Supplied records:
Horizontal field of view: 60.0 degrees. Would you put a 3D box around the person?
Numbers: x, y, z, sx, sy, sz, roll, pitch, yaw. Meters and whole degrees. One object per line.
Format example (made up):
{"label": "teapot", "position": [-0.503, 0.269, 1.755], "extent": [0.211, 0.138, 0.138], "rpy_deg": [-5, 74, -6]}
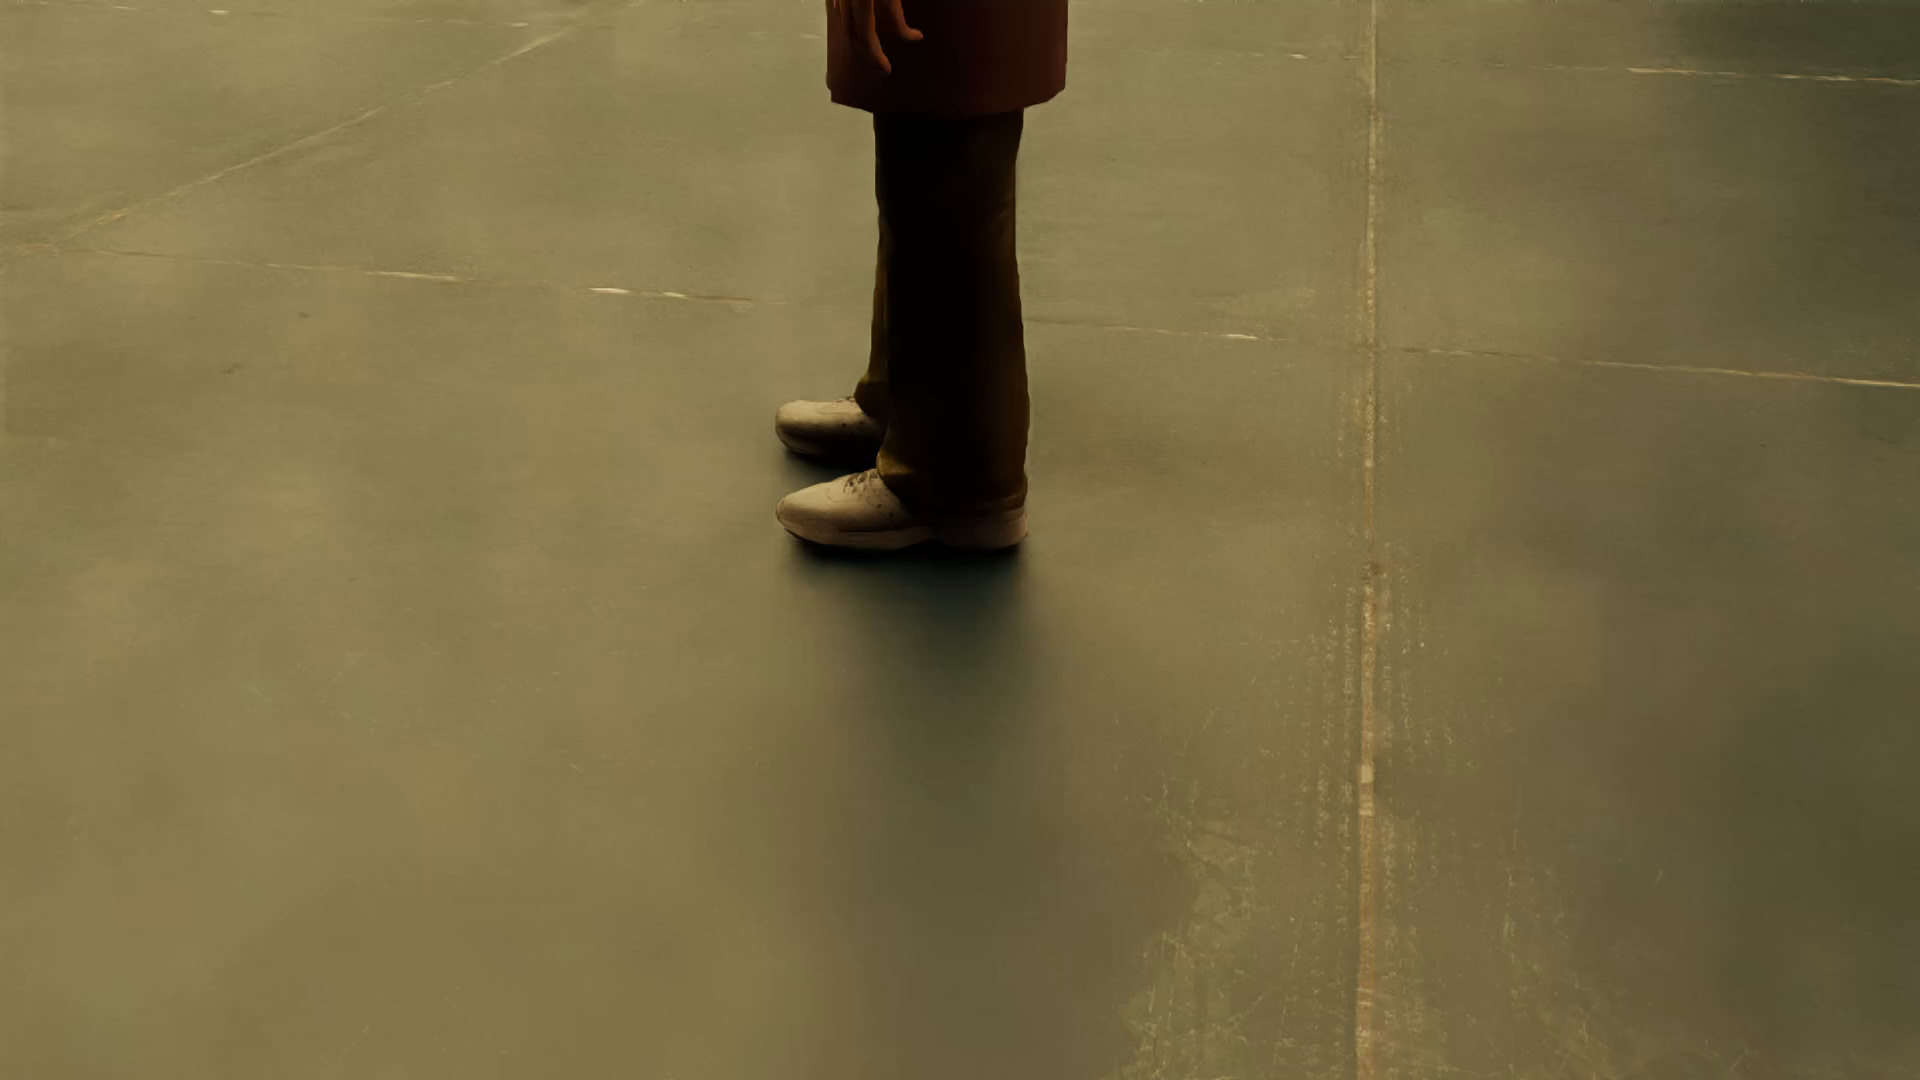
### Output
{"label": "person", "position": [-0.088, -0.811, 2.118], "extent": [0.580, 1.776, 0.694], "rpy_deg": [6, 27, 11]}

What you should do: Of the lines above, copy each that contains "degrees".

Answer to this exercise:
Horizontal field of view: 60.0 degrees. Would you put a 3D box around the person?
Numbers: x, y, z, sx, sy, sz, roll, pitch, yaw. Meters and whole degrees. One object per line.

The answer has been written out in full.